> **EXERCISE OBJECTIVE**
In the records below, find the line that contains "Answer in this". Retype that line and all the lines after it through the end, leaving out the pictures.

> **RECORDS SUPPLIED**
== Segment start ==
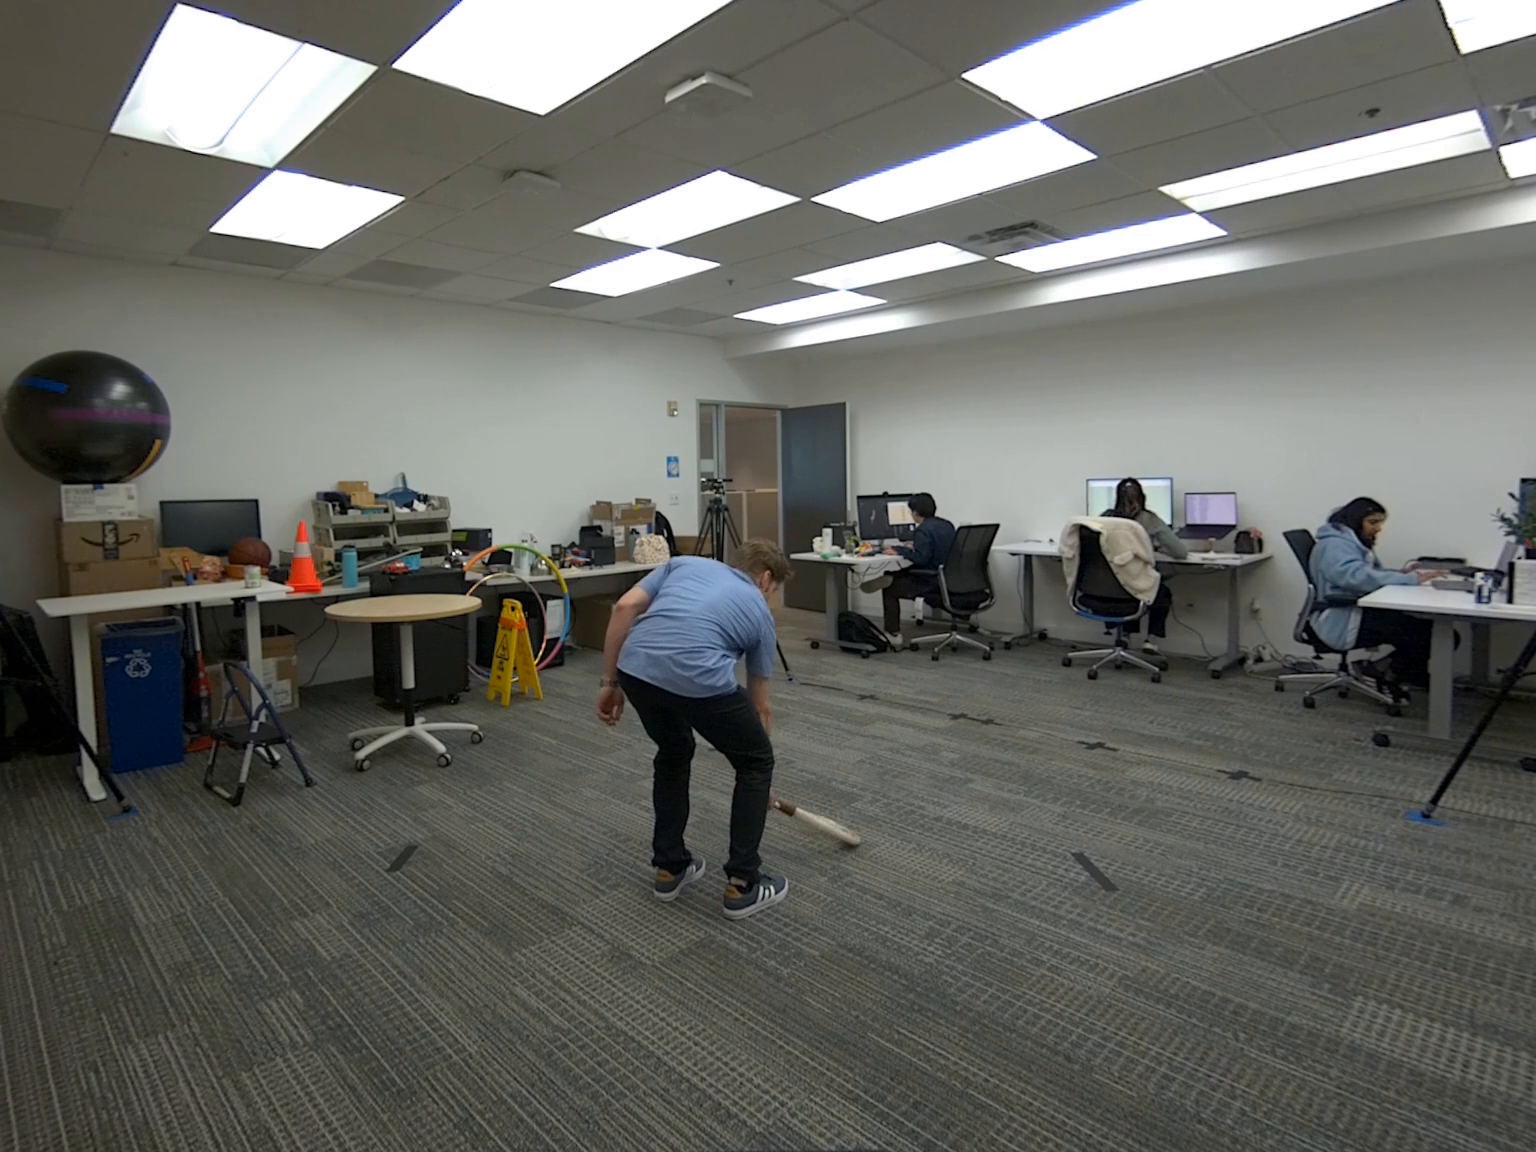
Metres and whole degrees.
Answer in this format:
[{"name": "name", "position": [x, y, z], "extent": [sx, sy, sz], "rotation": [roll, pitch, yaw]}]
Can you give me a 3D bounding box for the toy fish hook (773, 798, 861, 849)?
[{"name": "toy fish hook", "position": [0.128, 0.898, 3.243], "extent": [0.499, 0.048, 0.227], "rotation": [27, -10, -13]}]
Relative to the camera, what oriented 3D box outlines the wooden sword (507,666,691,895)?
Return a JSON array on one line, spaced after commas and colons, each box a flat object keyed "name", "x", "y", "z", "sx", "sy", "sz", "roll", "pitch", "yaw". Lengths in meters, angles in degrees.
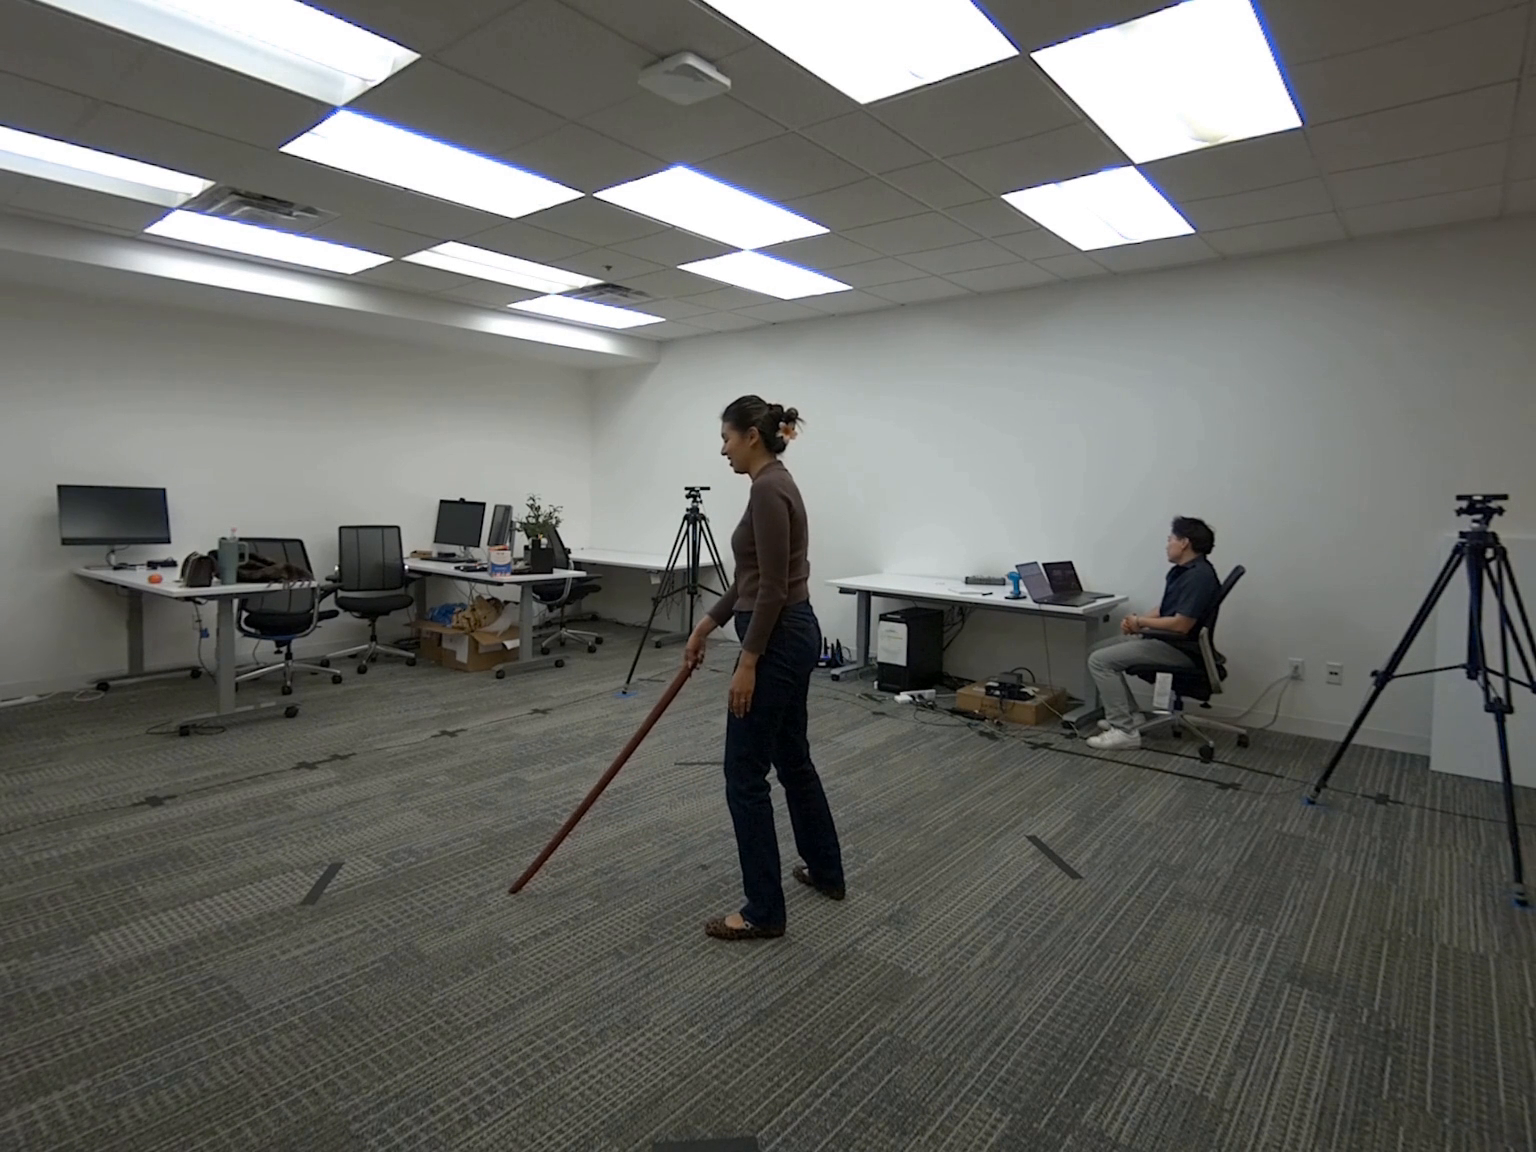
[{"name": "wooden sword", "x": -0.579, "y": 0.693, "z": 2.904, "sx": 0.053, "sy": 1.025, "sz": 0.023, "roll": 35, "pitch": -4, "yaw": 38}]
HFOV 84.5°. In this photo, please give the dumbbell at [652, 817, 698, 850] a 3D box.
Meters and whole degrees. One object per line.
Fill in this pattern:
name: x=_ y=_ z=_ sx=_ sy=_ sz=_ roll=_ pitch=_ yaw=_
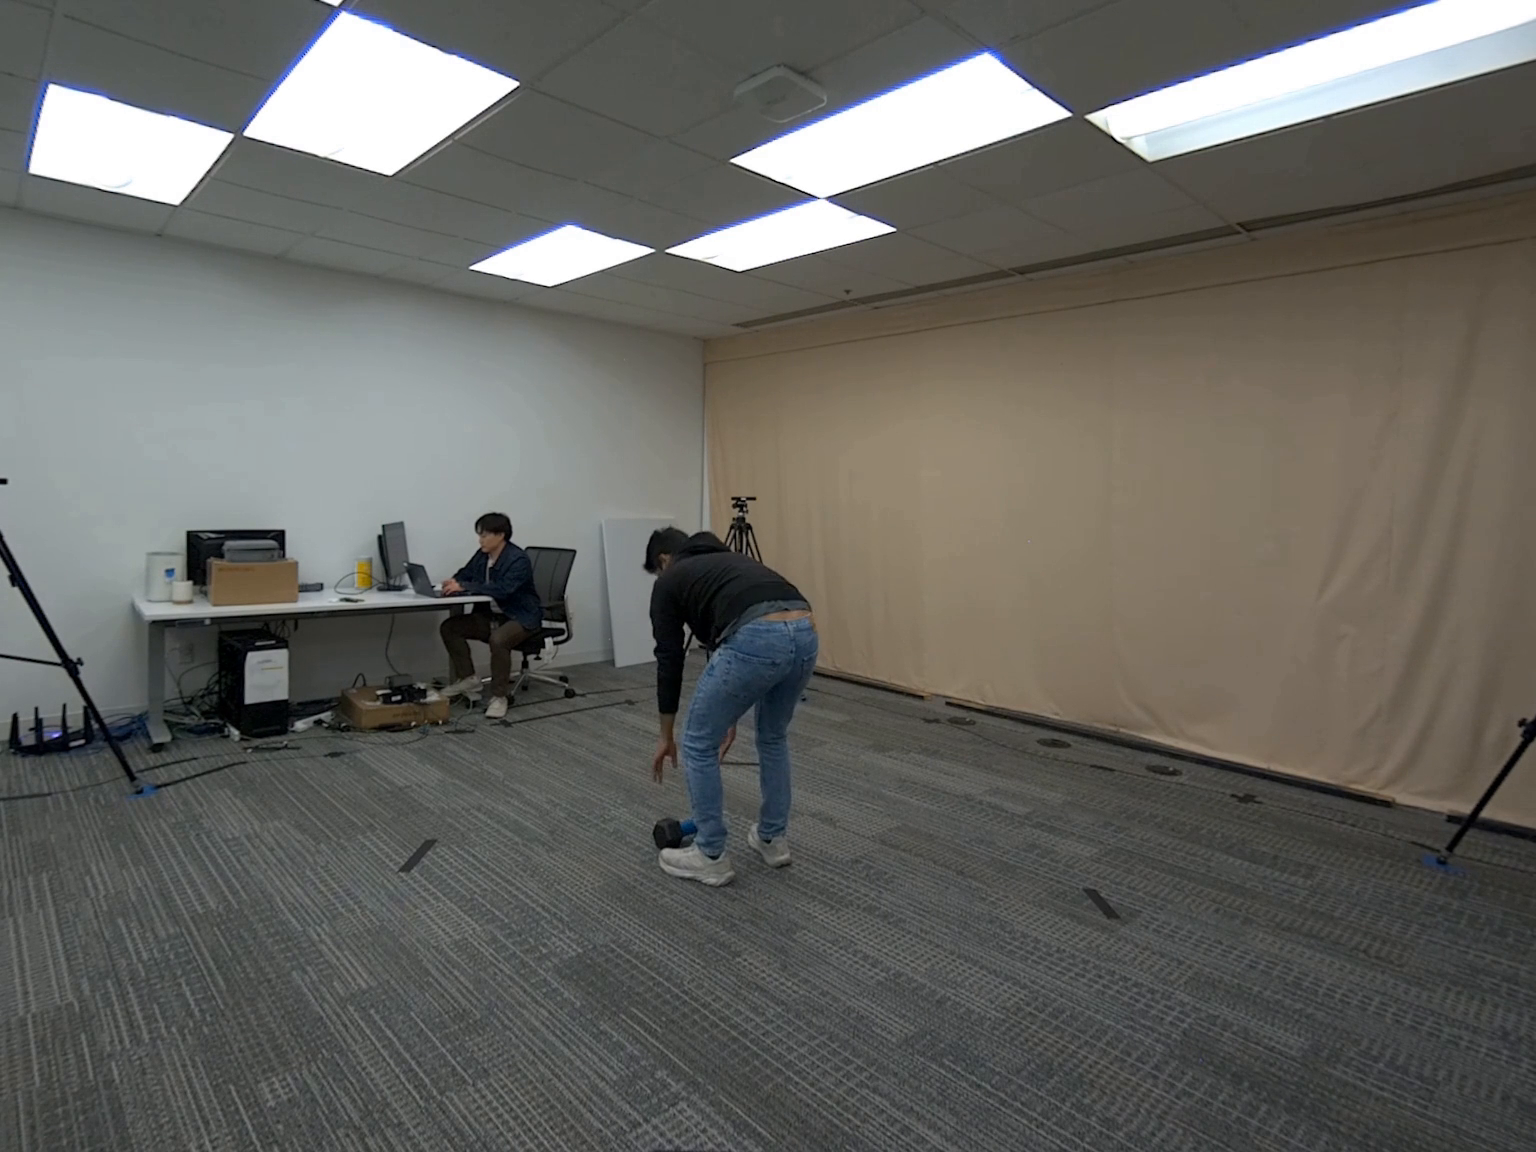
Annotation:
dumbbell: x=-0.327 y=1.021 z=3.405 sx=0.287 sy=0.125 sz=0.109 roll=-3 pitch=-25 yaw=-43
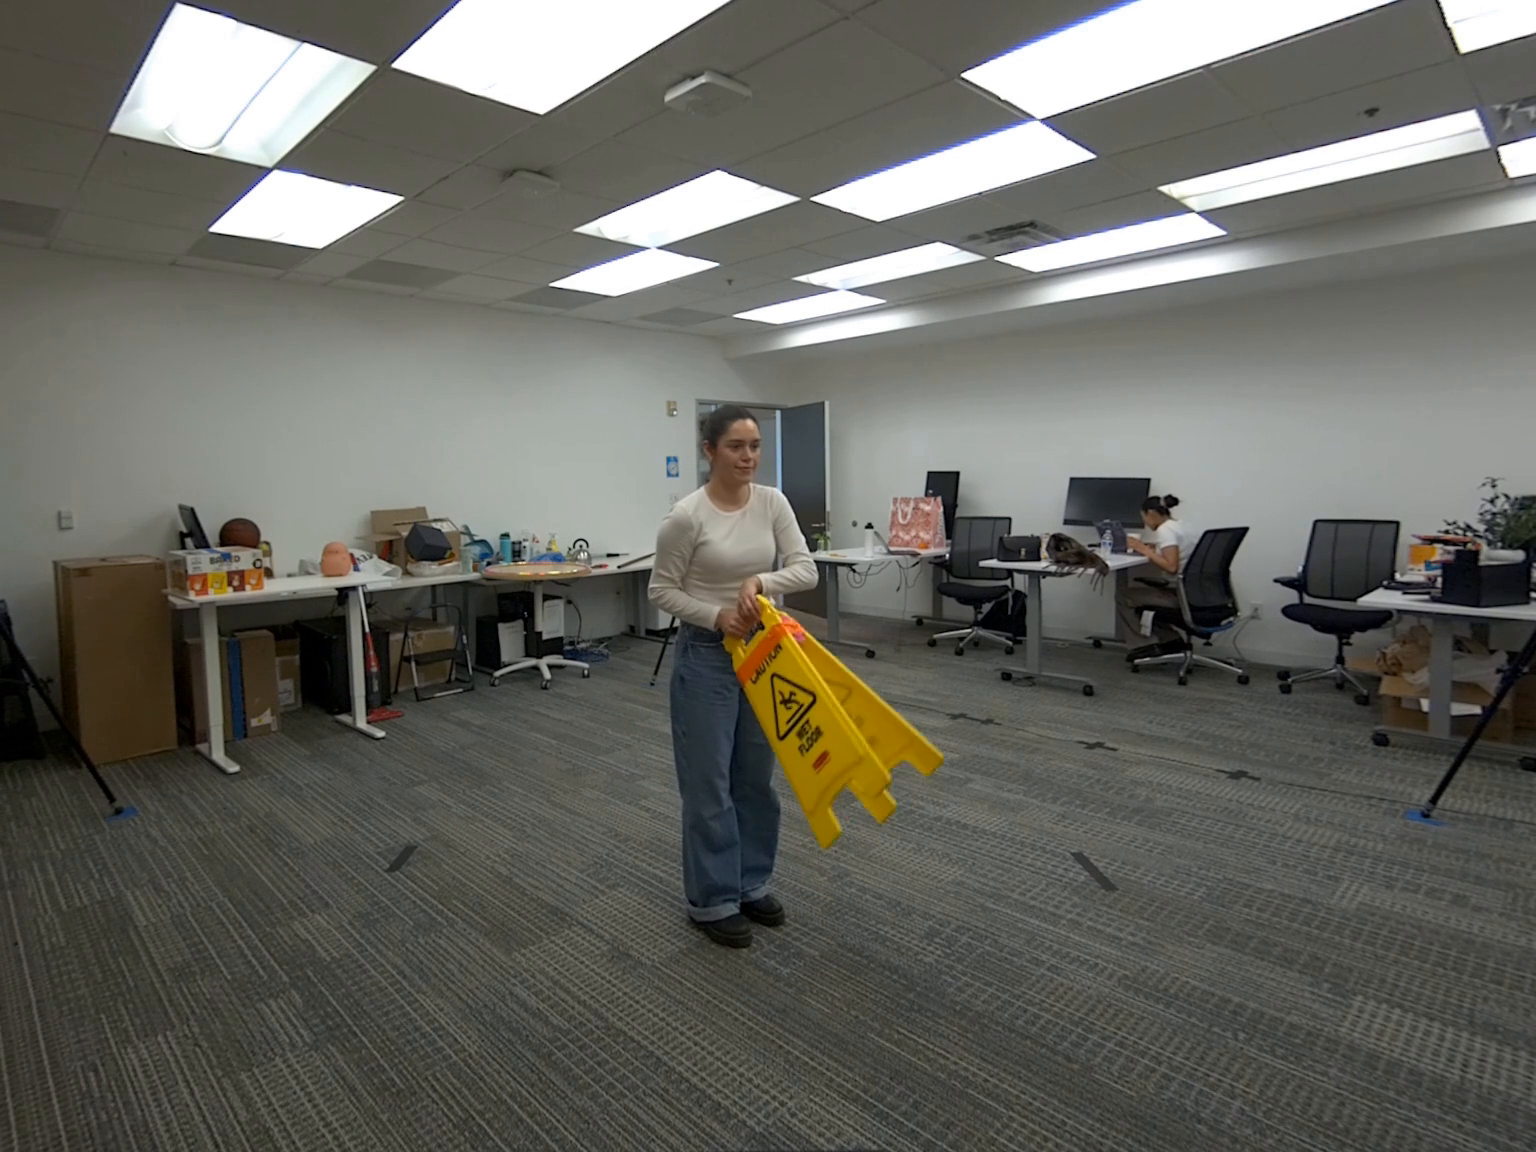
== Segment end ==
> **TASK RESPONSE**
Answer in this format:
[{"name": "name", "position": [x, y, z], "extent": [sx, sy, sz], "rotation": [roll, pitch, yaw]}]
Can you give me a 3D bounding box for the toy fish hook (773, 798, 861, 849)?
[{"name": "toy fish hook", "position": [0.128, 0.898, 3.243], "extent": [0.499, 0.048, 0.227], "rotation": [27, -10, -13]}]
Relative to the camera, what oriented 3D box outlines the wooden sword (507,666,691,895)?
Return a JSON array on one line, spaced after commas and colons, each box a flat object keyed "name", "x", "y", "z", "sx", "sy", "sz", "roll", "pitch", "yaw". Lengths in meters, angles in degrees.
[{"name": "wooden sword", "x": -0.579, "y": 0.693, "z": 2.904, "sx": 0.053, "sy": 1.025, "sz": 0.023, "roll": 35, "pitch": -4, "yaw": 38}]
HFOV 84.5°. In this photo, please give the dumbbell at [652, 817, 698, 850] a 3D box.
Meters and whole degrees. One object per line.
Fill in this pattern:
name: x=_ y=_ z=_ sx=_ sy=_ sz=_ roll=_ pitch=_ yaw=_
Annotation:
dumbbell: x=-0.327 y=1.021 z=3.405 sx=0.287 sy=0.125 sz=0.109 roll=-3 pitch=-25 yaw=-43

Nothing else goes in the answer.